The service we attended this morning was not a celebration of Holy Eucharist, but I am confident I can say for all of our group, we were filled with Holy Thanksgiving. I am also quite sure that the hospitality we received from Paul and Selline Korir was sacred. Thanks be to God for the Korir family, for All Saints Cathedral, for the Anglican Communion, for friendships, and, of course, for tea.
Wow! This is so powerful. I was particularly struck by your statement that we Americans are poorer for our comforts. I will be thinking about this for a l-o-n-g time.
Thank you for sharing. It was just what I needed to read first thing on Monday morning. A great reminder to work harder at focusing on the Most High, Sovereign God as I go forward into the week and away from the complacency of a fairly typical Sunday morning worship experience.
Thanks Scott for your reminder that we are too used to resting in our comfort zone here in the Episcopal Church. I too believe we must learn to extend extreme hospitality and truely preach the Good News.
To be fair, fatalism is probably closer to the Gospel than superstitions since it can be a perverted way of confessing that Jesus is Lord and ultimately in control of what happens in the world. Yes, God’s will will prevail when God has decided that something must be, but most of the time we’re dealing with matters God doesn’t positively will any particular answer, where God permits many different answers even though some are better than others. Being good and trying to improve each day are similarly a case of being part right since we should pay attention to righteousness, but we also need to remember and confess some more modern variation on “I am a worthless slave. I’ve only done what my master required” or something to pass the credit on to God.
We often wonder why our little church in S. Georgia is not growing like we would like. We are not welcoming and we offer comfort in the place of a call to spiritual growth. Your stories of pilgrimage has reminded me that there are refugees in my own back yard. People that struggle in their own exile from family, friends, sanity and hope. So much to do. Thanks for the powerful reminder that all is possible.
Very interesting. Kenya, of course, is part of GAFCON, so they’re supposedly not in communion with us. I’m very glad that you were nevertheless not only welcome to participate in worship but also welcomed into a priest’s home as a colleague and guest afterwords.

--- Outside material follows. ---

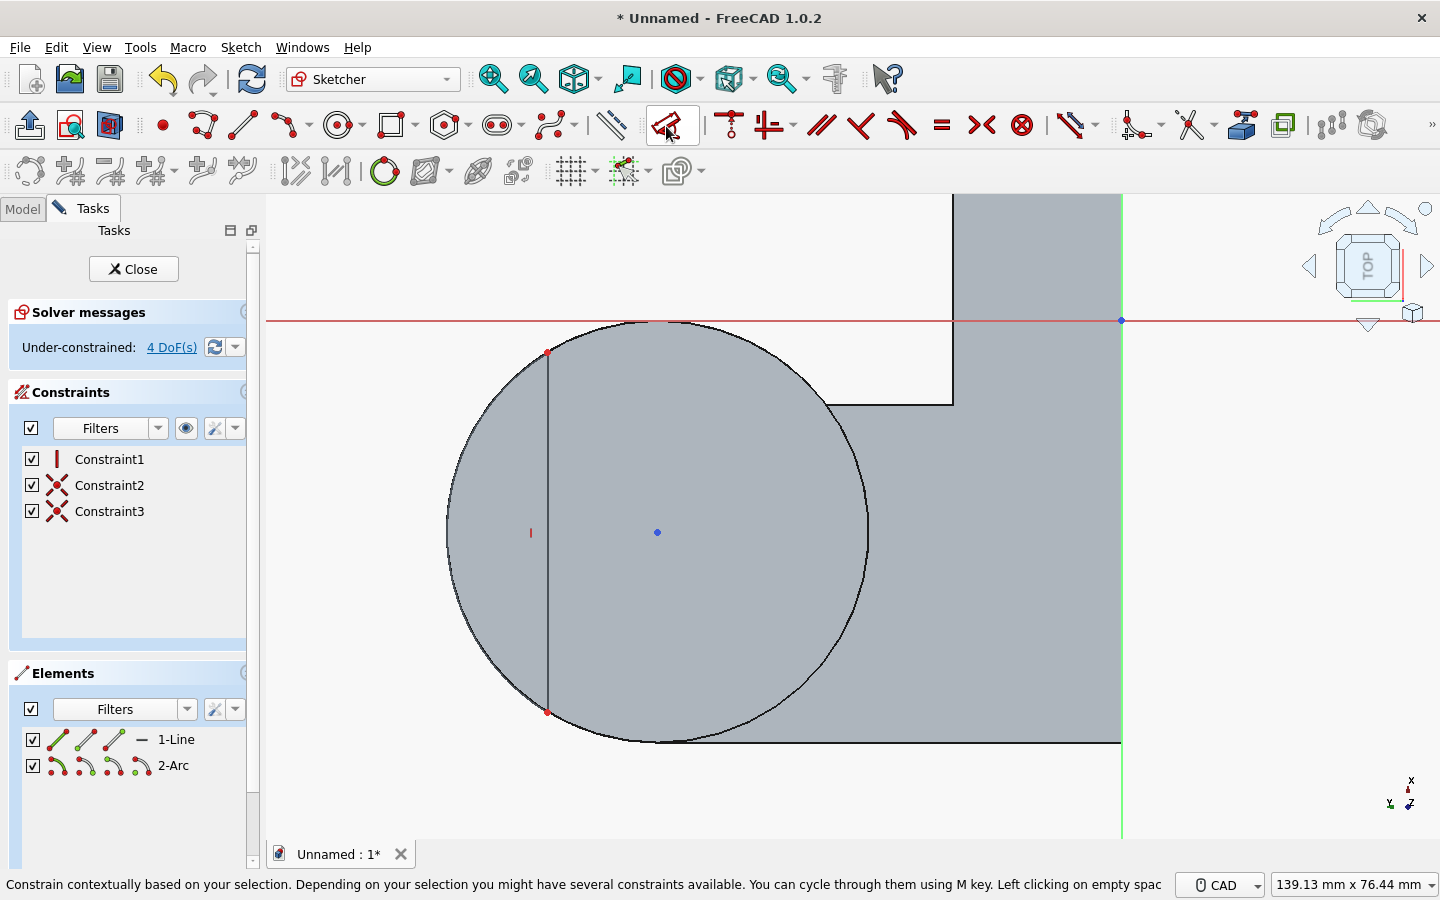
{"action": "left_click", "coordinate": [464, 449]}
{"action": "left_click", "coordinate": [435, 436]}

Yes, we do need more challenging preaching, including preaching that engages with difficult parts of the Bible, in TEC. Do you know what lectionary the Anglican Church of Kenya uses, so that they ended up with this particular passage on a Sunday? The 1662 BCP’s modified lecto continua for the Daily Office and the short Epistles and Gospels for the Eucharist? They do have a modern language rite for the Eucharist, I’ve seen it used in PECUSA.